Beyond Persistence – How to Exploit Your Database for Better Performance
This post is contributed by Asad Ali – Enablement Services Consultant at dynaTrace. Based on his experience with numerous customers he describes how to optimize the data access layer of applications by “violating” a paradigm that is often referred to as a golden rule for designing applications.
Before the advent of the 3-tier architecture, client server technology was prevalent. In the client-server architecture, the databases played an important role for data persistence. During this time, major database vendors optimized the technology for fast read/write, almost real-time replication and clustering for maximum uptime.
The arrival of J2EE servers and .Net Framework saw a paradigm shift in application computing. The ability to deploy applications across multiple tiers and the use of multiple communication protocols including SOAP, Web Services, RMI have made it possible to scale up and scale down the application based upon the transaction load. Along with this shift in application deployment came the need to not only write code once and run anywhere but also to write application server independent code.
Over the past year and a half while consulting with customers, I have observed that while the business logic is tightly embedded in the application server, the database is treated as just a data store in many customers’ applications. To get data to process the business logic, the applications make lot of database queries per web requests. Shown below is an example of database requests made in one web- request.
As shown above, to process one web request this application is making over 3000 database calls. Such a data access strategy has multiple disadvantages including:
- High network overhead – The more the number of JDBC statements, the more the number of packets in the network – and hence more network latency.

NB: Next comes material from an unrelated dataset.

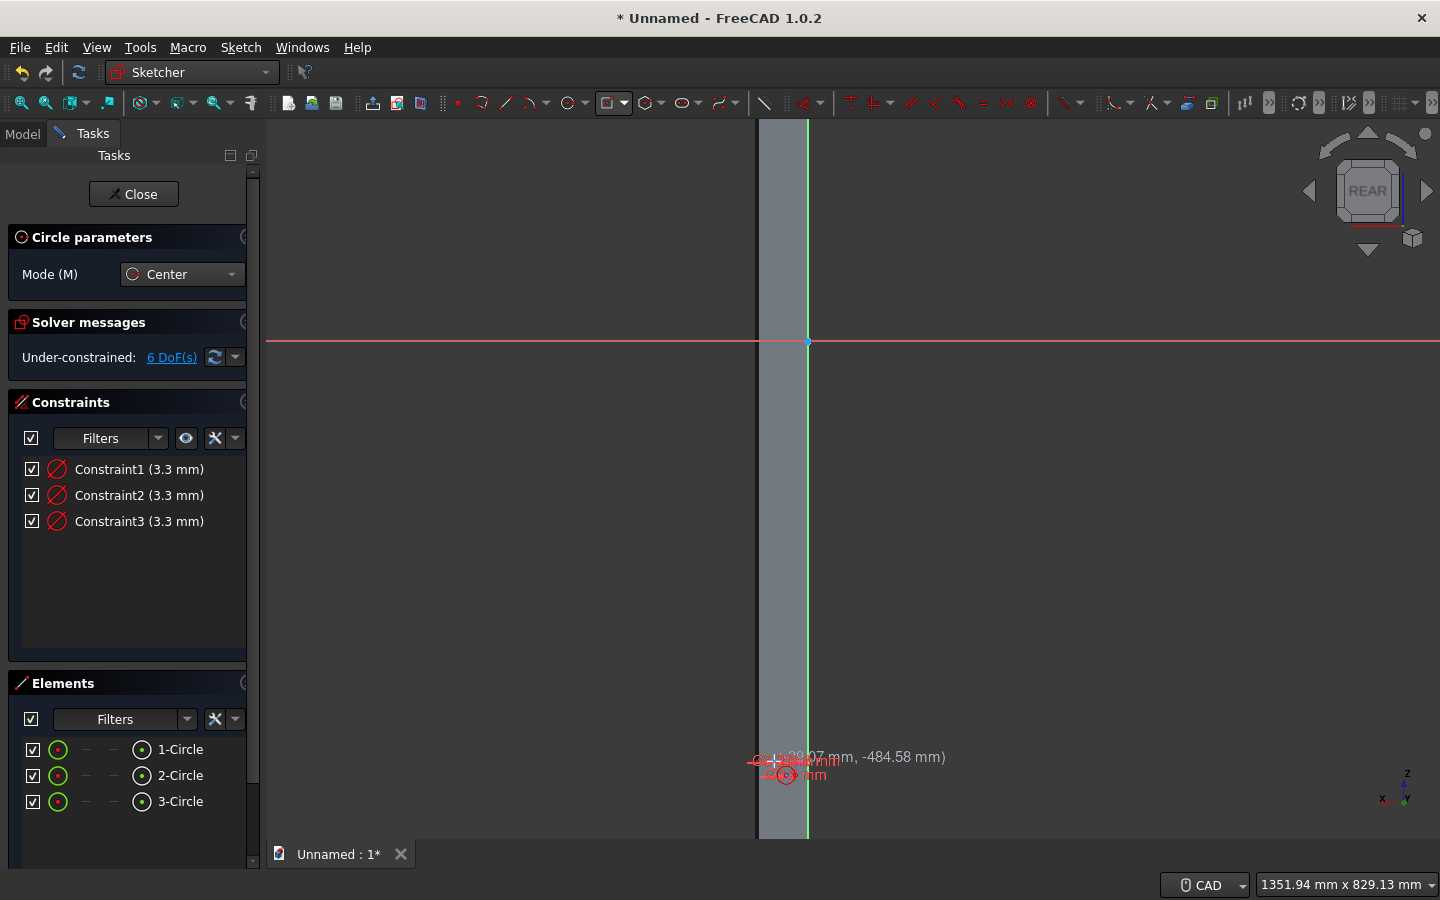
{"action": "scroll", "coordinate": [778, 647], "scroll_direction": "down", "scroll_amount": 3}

- Unnecessary object creations – Once the data is received by the JDBC ResultSet, the application code has to create collection objects to process the results.
- Response time overhead in managing data result sets – Excessive object creation to handle the JDBC results means more memory consumption in the application server – which in turn can cause high GC cycles.
- High CPU consumption in the database server due to high database queries.
One of the common reasons used by architects in support of such architecture is to keep the business logic out of the databases. Their argument supports the concept that minimal changes would be required in the application if the database vendor were changed. This argument begs the question about how many times database vendors are changed during an application lifecycle. The answer is hardly anytime.
The (mis)use of Object-Relational (OR) mapping tools to load data into the application server also contributes to the problem of excessive calls to the database. OR mapping tools can not only cause the (n+1) query pattern problem but also can cause unnecessary trips to the database to retrieve one row at a time from the tables. It has also been argued by some Java developers that OR mapping tools significantly reduce application code. However, OR mapping tools do not perform well when massive amount of data is updated or deleted.
As I said earlier, the database vendors have made significant strides in optimizing data storage in the database. Databases are not just persistent stores. They are a sophisticated piece of software that handles very fast data reads and writes even when large data sets are manipulated. To harness this power of the database engine, it is important to write a query in such a way that you get the desired resultset by joining multiple tables instead of retrieving data from one table first and then using the foreign key to retrieve data from the other tables.
For complex reports in your application use of stored procedures is optimal. Replacing multiple queries used in a report by a single stored procedure not only reduces the network traffic but also improves query response times. Unlike individual SQL queries, stored procedures are precompiled in the database and hence their execution times are much lower. Additionally, for queries that join multiple tables with complex join conditions, stored procedures are better alternatives as you can split the queries in one stored procedure and use an optimized query plan.
As you look for ways to optimize your application, do pay attention to the data access layer. Patterns like (n+1) queries can be easily optimized by replacing multiple queries that get data from one table at a time with queries that can join multiple tables and only get the desired result sets. Use of stored procedures is definitely another way to optimize the data access layer. However, ensure that you don’t replace your queries that get data from a single table with a stored procedure because you won’t get any optimization results with this approach.